> What to work on
When you copy the data that follows, reproduce every word exactly and leave out the images.

┄┄┄┄┄┄┄┄┄┄

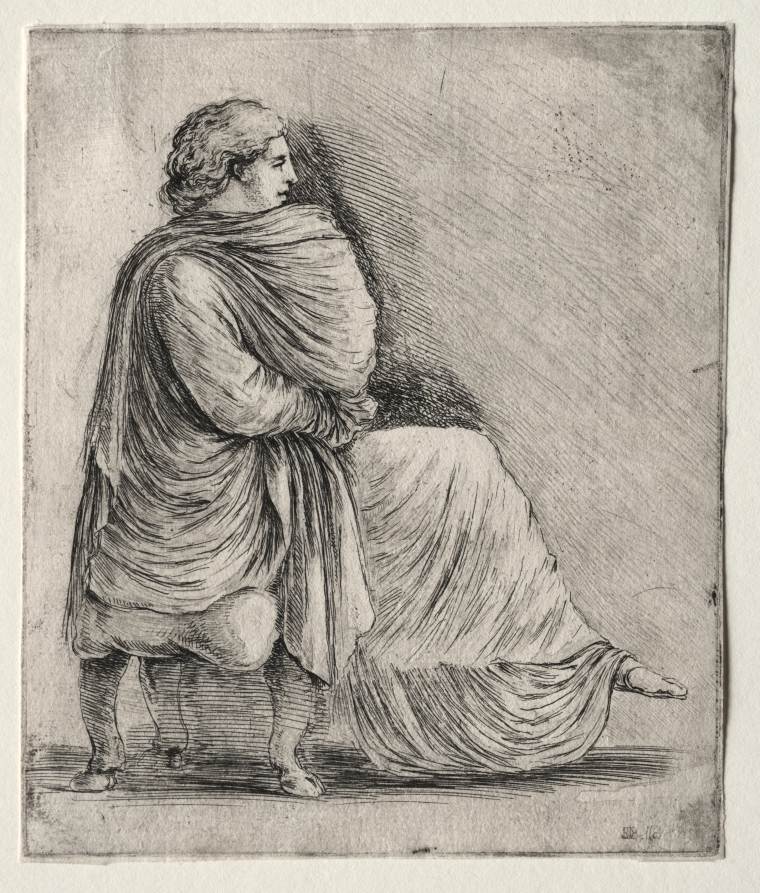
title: Woman Seated on a Stool
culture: Italy, 17th century
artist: Stefano Della Bella (Italian, 1610–1664)
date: c. 1660
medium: etching
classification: Print
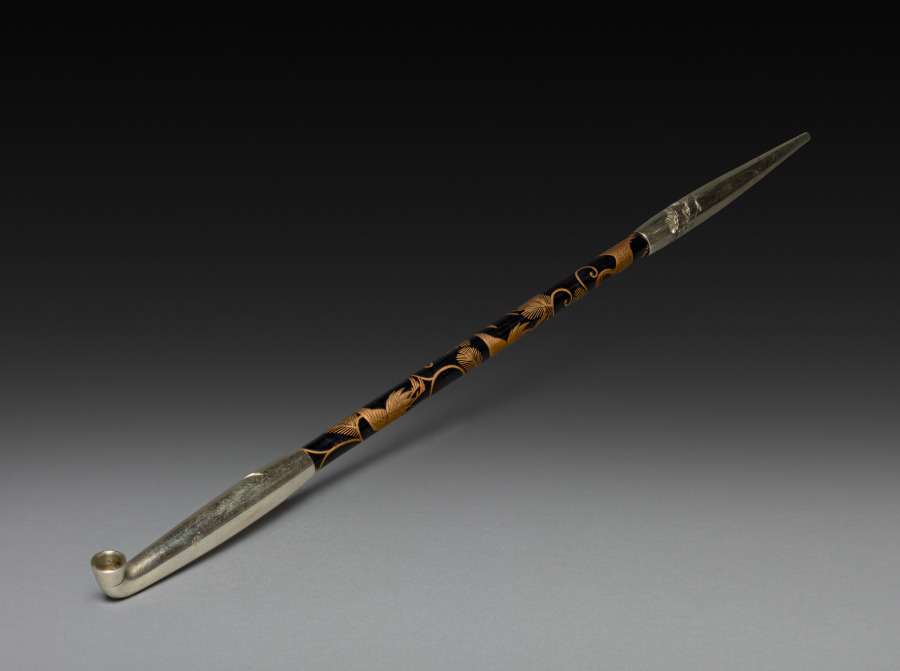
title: Tobacco Pipe
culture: Japan, Edo period (1615–1868)
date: early to mid-1800s
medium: wood and metal
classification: Miscellaneous
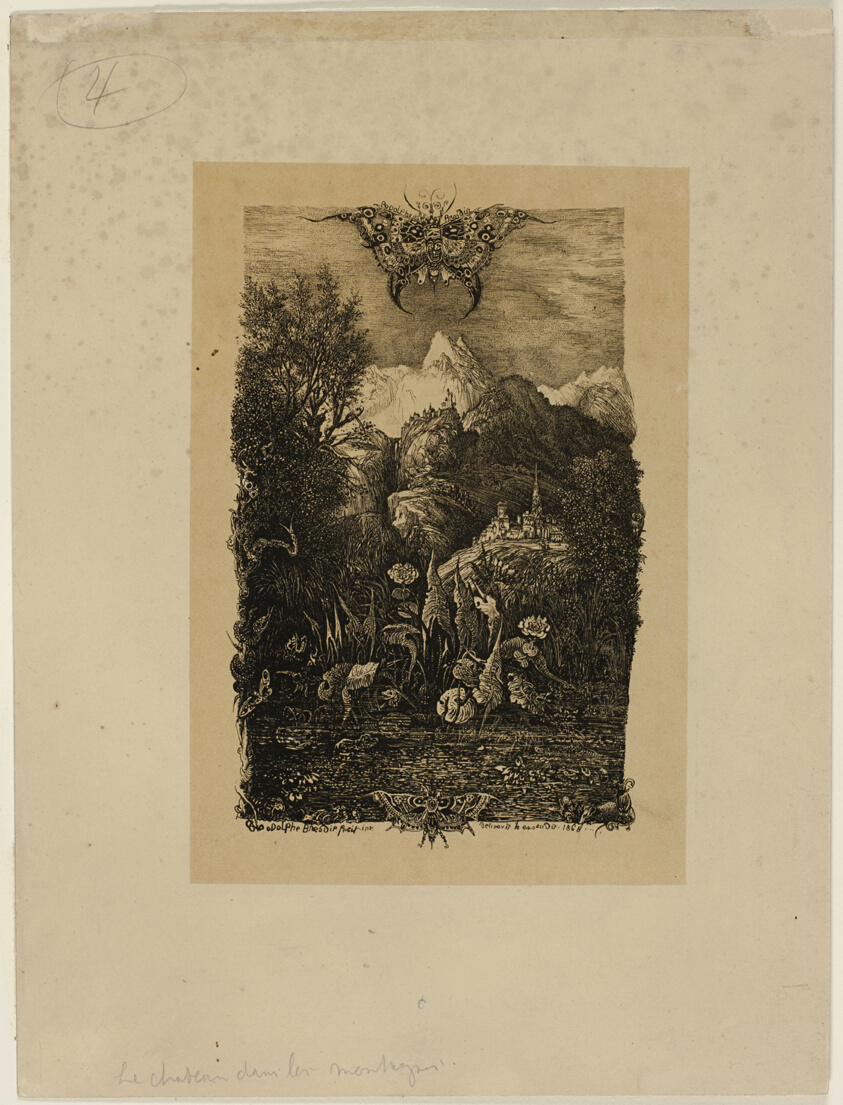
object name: Print
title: The Butterfly and the Pond
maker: Rodolphe Bresdin (French, 1825-1885)
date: 1868
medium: Lithograph (etching transfer) in black on tan-toned cream wove paper
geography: France
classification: etching; print; prints and drawing
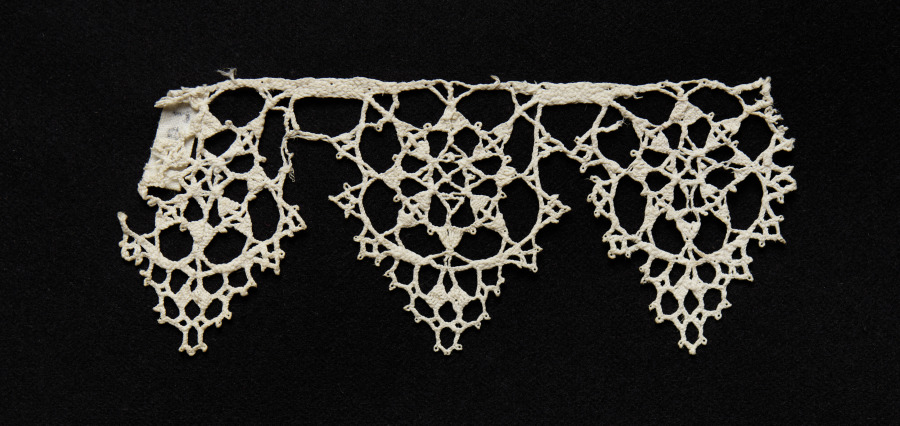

┄┄┄┄┄┄┄┄┄┄

> Response for this exercise
title: Woman Seated on a Stool
culture: Italy, 17th century
artist: Stefano Della Bella (Italian, 1610–1664)
date: c. 1660
medium: etching
classification: Print
title: Tobacco Pipe
culture: Japan, Edo period (1615–1868)
date: early to mid-1800s
medium: wood and metal
classification: Miscellaneous
object name: Print
title: The Butterfly and the Pond
maker: Rodolphe Bresdin (French, 1825-1885)
date: 1868
medium: Lithograph (etching transfer) in black on tan-toned cream wove paper
geography: France
classification: etching; print; prints and drawing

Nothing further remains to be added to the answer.